Revolta popular, Cochabamba, no ano de 2000. Painéis levados a Genebra pela delegação boliviana

Sabem o que querem os expositores desse ateliê. Denis e Alberto, junto com o líder de Cochabamba Omar Fernandez, a líder uruguaia Adriana Marquisio, com apoio de poucos europeus “não oficiais” do Fórum Alternativo, como o italiano Emilio Molinari e o francês Jean Luc Touly, sindicalista do setor de saneamento e da central Force Ouvrière.

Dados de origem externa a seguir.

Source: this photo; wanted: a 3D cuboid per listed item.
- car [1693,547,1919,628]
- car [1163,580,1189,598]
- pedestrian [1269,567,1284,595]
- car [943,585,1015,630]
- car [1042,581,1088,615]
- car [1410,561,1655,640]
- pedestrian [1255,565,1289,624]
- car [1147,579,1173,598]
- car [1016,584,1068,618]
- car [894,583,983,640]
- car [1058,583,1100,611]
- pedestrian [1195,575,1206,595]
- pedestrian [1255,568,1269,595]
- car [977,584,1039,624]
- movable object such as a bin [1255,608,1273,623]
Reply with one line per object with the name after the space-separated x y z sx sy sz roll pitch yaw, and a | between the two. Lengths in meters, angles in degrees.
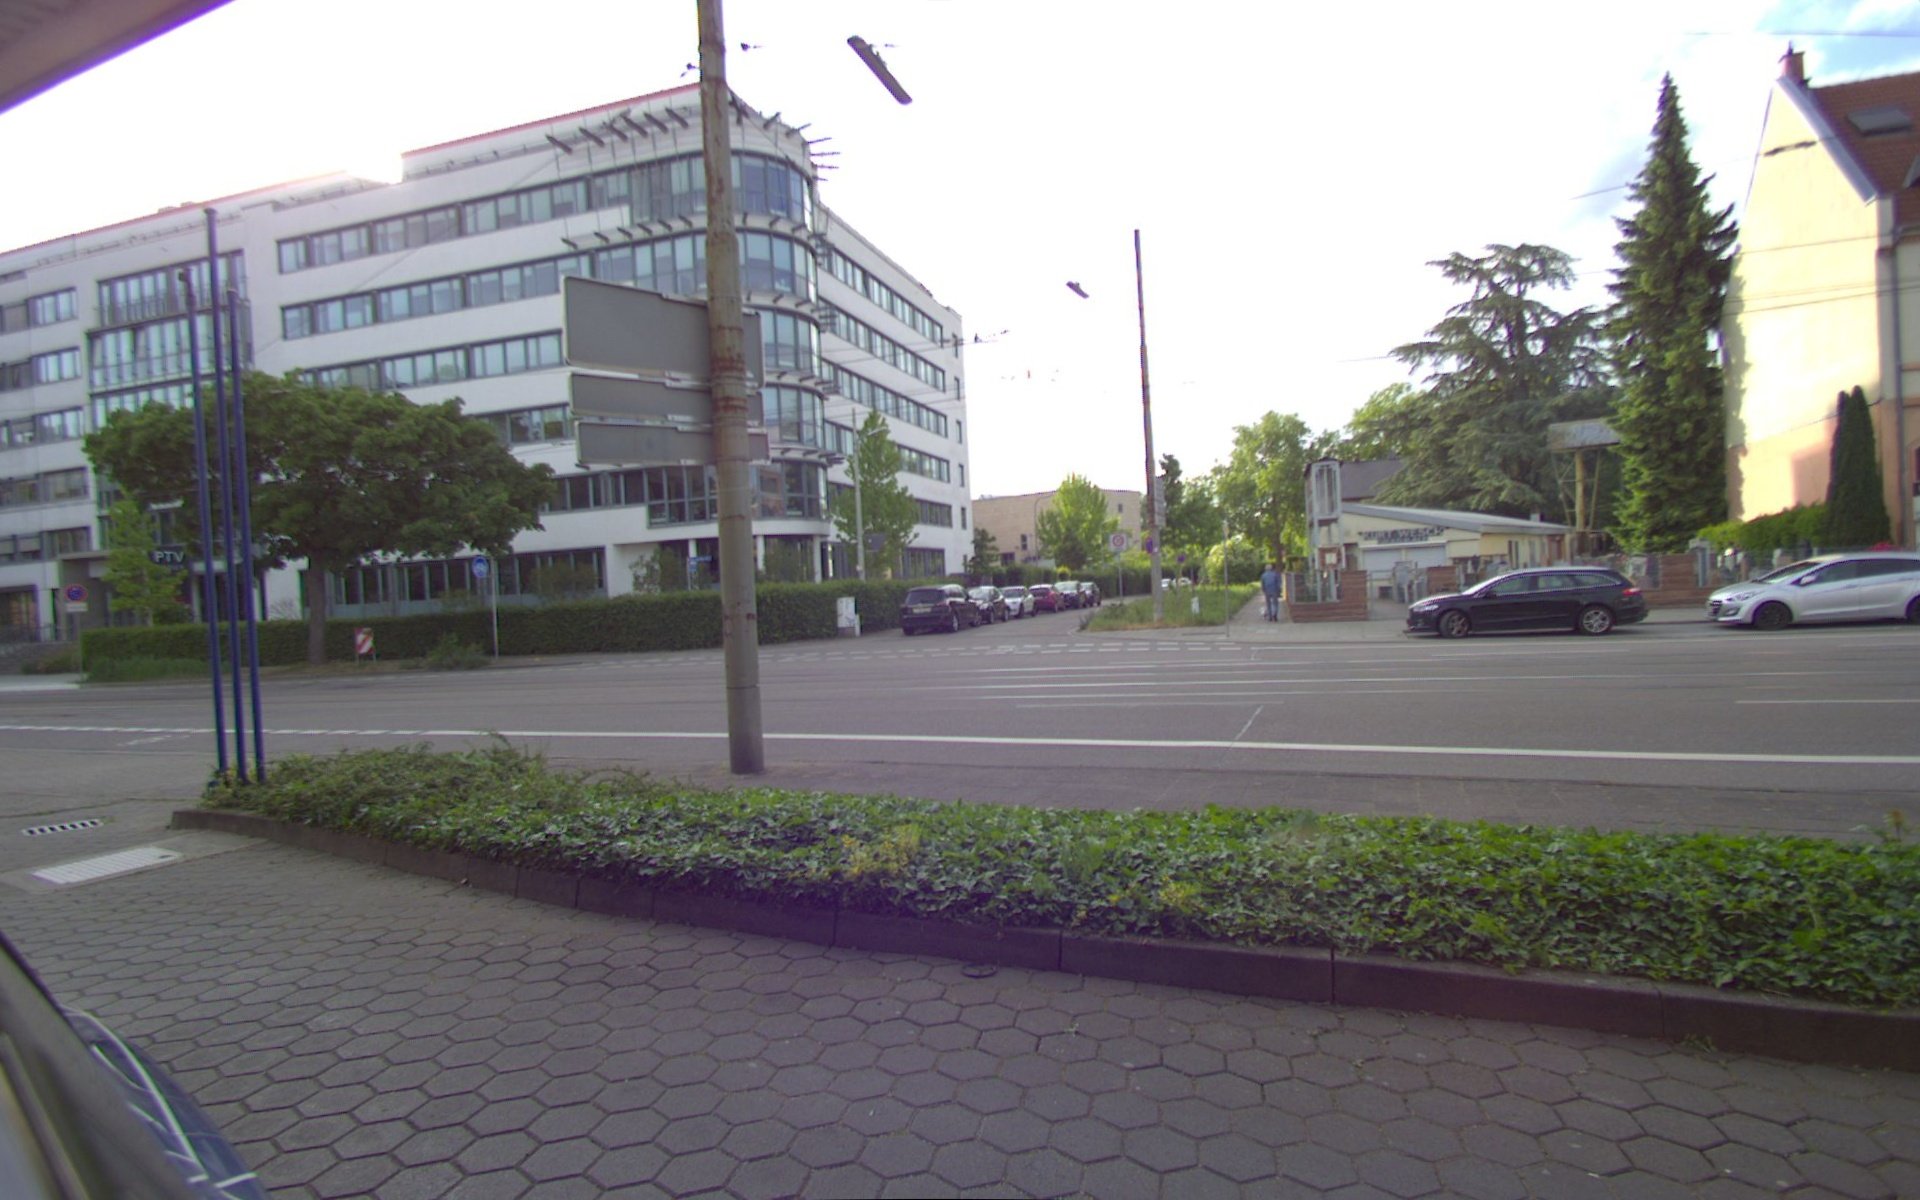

Deram o tom certo, dramático sem ser desesperado, ao momento delicado por que passam as esquerdas e os movimentos populares centrados nesse tipo de luta: se a causa é comum, não se pode permitir sectarismos, e os beneficiários, a gente do povo, tem que ser informada corretamente e capacitada a argumentar e avançar no debate.

Para isso, as equipes de análise e proposta têm que ser formadas e sempre afiadas, principalmente o pessoal que cuida dos aspectos jurídicos, legais e tecnológicos, para que possam saber quais documentos obter, como fazer sua leitura e análise, como auditorar contas e relatórios, e para que possam questionar as agências ditas reguladoras e os governos que cederam aos lobbies do hidronegócio. Mas, se os instruídos e acadêmicos podem ajudar, a mobilização só é forte quando é popular, quando tem raízes, quando pode se apresentar em atos públicos e em manifestações de rua com muita gente, quando pode obter vitórias sem depender de intermediários e aliados eventuais, como os parlamentares e algum órgão da grande imprensa.

Querem os alternativos dos alternativos, que este Fórum alternativo se defina, ora! Que explicitem a sua recusa da fórmula PPP (Parceria Publico Privada) aplicada ao setor de

água e saneamento, sob qualquer arranjo ou gradação, que seja feita a condenação sem rodeios da empresa Suez e da cooperação alemã GTZ (aliás, bem implantada no Brasil, em parcerias com ONGs e governos), e que sejam ditas as palavras certas: se os movimentos são sociais e tem raízes, o problema é de poder e não de um novo arranjo jurídico ou parlamentar. E que o próximo Fórum, os próximos encontros não sejam assim tão... eurocêntricos. Portanto, si Diós lo quiera!! estaremos na Venezuela em 2006, para fermentar nossas lutas no mesmo momento em que o hidronegócio estiver reunido no México, para conversar sobre seus lucros cada vez mais ameaçados.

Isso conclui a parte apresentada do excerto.